── Data to process ──

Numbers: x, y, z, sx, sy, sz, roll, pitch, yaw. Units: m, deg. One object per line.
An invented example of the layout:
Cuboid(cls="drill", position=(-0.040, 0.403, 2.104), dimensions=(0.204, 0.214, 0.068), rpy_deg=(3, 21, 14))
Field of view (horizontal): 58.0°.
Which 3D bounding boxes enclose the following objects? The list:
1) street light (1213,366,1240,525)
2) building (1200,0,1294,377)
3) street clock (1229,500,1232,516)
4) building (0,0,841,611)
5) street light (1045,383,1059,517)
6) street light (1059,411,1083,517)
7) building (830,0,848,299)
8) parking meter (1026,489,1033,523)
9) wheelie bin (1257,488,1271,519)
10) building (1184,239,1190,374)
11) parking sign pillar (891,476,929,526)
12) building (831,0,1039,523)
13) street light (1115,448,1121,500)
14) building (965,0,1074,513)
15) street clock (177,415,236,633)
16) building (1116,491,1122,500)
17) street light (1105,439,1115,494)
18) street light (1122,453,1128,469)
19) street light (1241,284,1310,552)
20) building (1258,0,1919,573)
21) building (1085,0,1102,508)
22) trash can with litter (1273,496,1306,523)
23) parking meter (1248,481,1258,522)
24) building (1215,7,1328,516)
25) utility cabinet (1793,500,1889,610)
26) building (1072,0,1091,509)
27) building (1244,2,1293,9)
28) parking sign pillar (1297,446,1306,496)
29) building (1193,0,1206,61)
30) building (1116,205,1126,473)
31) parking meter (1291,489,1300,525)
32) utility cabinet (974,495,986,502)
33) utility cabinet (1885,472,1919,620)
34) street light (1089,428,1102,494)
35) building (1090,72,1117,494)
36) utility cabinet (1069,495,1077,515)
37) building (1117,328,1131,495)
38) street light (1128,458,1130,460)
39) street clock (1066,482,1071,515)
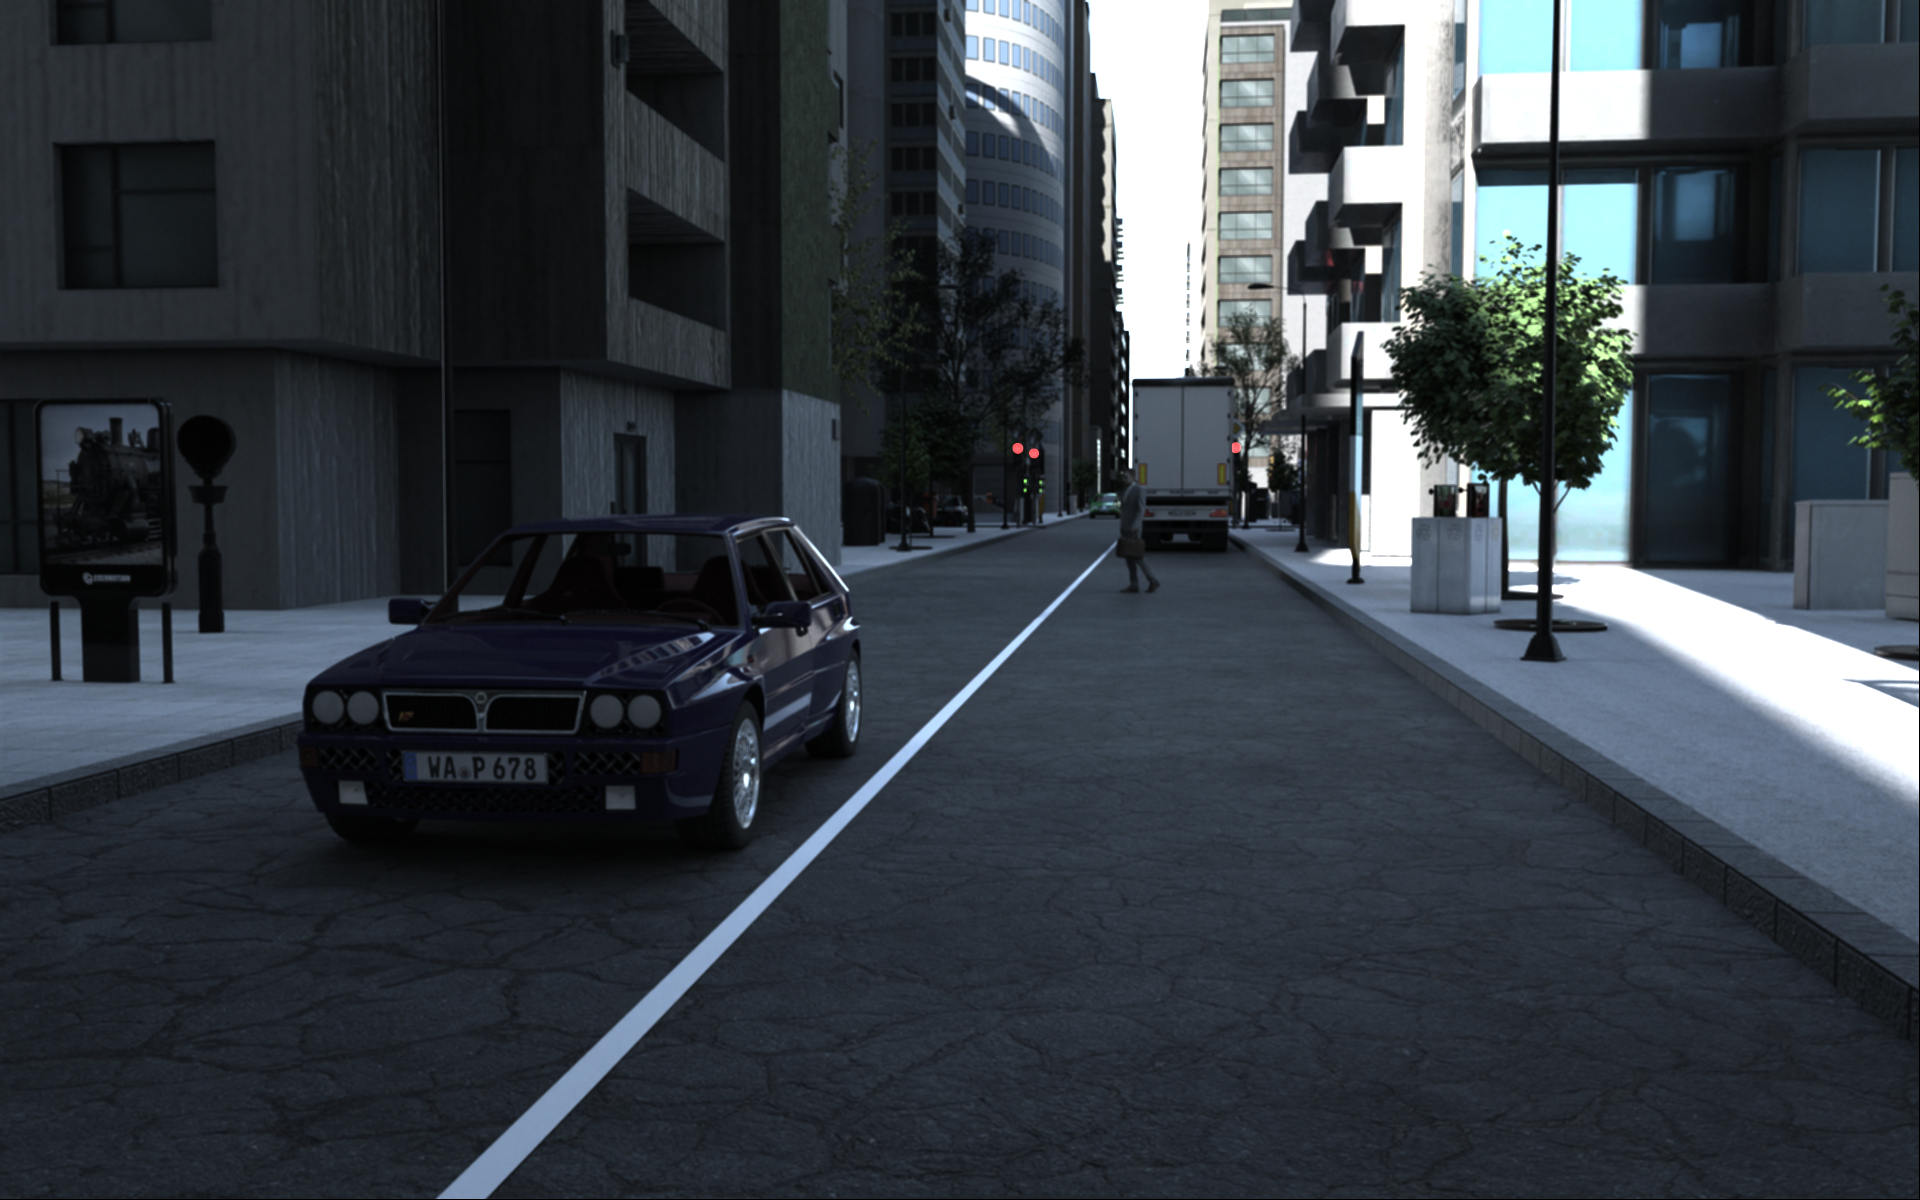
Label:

───
── Data to process ──

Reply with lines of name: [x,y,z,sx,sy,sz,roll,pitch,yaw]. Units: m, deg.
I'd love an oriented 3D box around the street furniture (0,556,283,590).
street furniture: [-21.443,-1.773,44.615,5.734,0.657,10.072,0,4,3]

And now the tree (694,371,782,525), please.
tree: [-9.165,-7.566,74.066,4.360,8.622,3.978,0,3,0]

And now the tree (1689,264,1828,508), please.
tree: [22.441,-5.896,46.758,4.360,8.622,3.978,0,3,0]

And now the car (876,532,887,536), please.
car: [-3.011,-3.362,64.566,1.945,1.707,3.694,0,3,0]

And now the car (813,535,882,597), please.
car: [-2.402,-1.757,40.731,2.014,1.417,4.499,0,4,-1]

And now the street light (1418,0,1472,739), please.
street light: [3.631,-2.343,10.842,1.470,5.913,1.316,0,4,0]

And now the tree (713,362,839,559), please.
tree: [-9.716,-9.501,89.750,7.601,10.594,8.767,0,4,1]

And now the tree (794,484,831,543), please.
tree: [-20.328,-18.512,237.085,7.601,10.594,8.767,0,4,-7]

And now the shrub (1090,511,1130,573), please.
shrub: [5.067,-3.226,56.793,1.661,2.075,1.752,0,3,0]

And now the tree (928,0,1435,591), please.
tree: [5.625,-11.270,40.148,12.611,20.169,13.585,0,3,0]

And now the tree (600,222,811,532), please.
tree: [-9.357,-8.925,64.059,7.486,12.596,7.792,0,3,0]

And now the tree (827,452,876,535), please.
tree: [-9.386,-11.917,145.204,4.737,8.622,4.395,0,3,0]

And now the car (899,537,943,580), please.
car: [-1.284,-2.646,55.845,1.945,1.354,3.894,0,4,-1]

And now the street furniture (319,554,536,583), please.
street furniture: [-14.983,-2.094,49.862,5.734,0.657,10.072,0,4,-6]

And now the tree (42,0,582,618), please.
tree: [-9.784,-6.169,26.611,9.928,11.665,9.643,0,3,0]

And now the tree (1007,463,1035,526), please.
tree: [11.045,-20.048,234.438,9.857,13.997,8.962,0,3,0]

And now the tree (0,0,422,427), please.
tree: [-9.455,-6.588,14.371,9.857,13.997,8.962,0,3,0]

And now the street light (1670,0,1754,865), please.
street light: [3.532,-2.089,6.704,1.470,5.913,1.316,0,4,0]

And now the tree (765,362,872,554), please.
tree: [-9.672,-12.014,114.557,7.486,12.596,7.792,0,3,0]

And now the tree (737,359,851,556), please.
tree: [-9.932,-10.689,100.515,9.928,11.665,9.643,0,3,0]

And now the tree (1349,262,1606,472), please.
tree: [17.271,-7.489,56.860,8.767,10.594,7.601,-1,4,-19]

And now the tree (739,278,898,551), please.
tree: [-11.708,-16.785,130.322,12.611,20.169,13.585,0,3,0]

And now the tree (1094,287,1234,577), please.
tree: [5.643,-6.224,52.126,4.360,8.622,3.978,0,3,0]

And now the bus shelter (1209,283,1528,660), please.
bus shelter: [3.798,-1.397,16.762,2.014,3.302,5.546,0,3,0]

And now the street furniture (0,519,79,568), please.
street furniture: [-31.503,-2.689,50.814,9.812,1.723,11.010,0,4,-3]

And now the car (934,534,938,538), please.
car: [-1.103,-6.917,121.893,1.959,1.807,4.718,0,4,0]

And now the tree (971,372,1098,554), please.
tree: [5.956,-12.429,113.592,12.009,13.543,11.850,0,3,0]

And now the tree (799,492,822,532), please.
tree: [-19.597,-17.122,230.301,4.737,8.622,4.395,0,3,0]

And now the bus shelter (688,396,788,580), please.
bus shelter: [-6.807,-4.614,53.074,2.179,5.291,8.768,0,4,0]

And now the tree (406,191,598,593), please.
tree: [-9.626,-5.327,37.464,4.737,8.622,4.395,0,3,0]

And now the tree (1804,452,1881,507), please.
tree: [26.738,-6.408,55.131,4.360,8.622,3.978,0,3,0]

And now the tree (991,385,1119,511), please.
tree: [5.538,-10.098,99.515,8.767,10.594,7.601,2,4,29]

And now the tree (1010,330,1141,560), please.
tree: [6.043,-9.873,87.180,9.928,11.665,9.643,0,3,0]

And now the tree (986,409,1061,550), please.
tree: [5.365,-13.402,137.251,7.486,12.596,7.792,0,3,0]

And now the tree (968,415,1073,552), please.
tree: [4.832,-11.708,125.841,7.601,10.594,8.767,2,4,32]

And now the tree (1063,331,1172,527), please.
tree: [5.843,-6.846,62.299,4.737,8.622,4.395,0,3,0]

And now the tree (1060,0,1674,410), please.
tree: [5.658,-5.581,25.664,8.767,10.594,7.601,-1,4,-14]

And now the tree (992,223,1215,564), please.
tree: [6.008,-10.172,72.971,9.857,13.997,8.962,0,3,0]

───
── Data to process ──

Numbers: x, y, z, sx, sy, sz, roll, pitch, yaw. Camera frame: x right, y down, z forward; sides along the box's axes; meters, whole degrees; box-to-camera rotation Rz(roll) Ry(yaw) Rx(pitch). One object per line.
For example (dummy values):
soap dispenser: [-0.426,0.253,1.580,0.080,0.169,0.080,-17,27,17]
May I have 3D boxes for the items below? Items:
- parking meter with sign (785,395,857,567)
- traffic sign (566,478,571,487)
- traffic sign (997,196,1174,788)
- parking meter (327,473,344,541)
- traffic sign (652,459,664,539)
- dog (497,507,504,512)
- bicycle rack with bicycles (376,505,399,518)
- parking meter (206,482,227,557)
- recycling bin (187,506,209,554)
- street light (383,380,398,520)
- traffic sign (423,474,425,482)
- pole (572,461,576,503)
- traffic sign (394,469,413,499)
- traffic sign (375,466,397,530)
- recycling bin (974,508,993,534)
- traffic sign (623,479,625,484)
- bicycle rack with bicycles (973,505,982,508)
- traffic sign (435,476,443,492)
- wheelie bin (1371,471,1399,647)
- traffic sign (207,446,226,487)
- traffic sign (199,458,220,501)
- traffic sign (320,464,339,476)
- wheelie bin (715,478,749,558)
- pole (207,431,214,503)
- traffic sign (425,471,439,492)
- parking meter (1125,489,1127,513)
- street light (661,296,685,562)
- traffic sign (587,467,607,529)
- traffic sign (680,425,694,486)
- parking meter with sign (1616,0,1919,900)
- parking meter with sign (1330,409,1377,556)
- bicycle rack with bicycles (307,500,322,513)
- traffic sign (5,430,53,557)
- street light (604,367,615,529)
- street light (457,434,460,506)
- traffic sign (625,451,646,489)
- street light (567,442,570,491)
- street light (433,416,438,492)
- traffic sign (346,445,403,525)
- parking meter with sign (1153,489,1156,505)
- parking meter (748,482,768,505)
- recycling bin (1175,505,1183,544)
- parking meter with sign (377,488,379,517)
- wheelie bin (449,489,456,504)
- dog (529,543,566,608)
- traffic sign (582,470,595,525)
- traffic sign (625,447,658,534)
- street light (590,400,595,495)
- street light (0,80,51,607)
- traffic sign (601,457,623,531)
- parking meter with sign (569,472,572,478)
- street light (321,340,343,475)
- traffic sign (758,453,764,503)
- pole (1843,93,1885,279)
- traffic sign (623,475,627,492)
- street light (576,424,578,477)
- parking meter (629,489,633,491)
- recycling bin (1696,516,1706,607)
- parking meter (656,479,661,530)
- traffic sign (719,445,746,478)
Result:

───

• Task prompt:
Given the records above, reproduce precisely and only the lines between the line holding "- parking meter (1125,489,1127,513)" and the line holding "- parking meter (748,482,768,505)", inclusive.

• Response for this exercise:
- parking meter (1125,489,1127,513)
- street light (661,296,685,562)
- traffic sign (587,467,607,529)
- traffic sign (680,425,694,486)
- parking meter with sign (1616,0,1919,900)
- parking meter with sign (1330,409,1377,556)
- bicycle rack with bicycles (307,500,322,513)
- traffic sign (5,430,53,557)
- street light (604,367,615,529)
- street light (457,434,460,506)
- traffic sign (625,451,646,489)
- street light (567,442,570,491)
- street light (433,416,438,492)
- traffic sign (346,445,403,525)
- parking meter with sign (1153,489,1156,505)
- parking meter (748,482,768,505)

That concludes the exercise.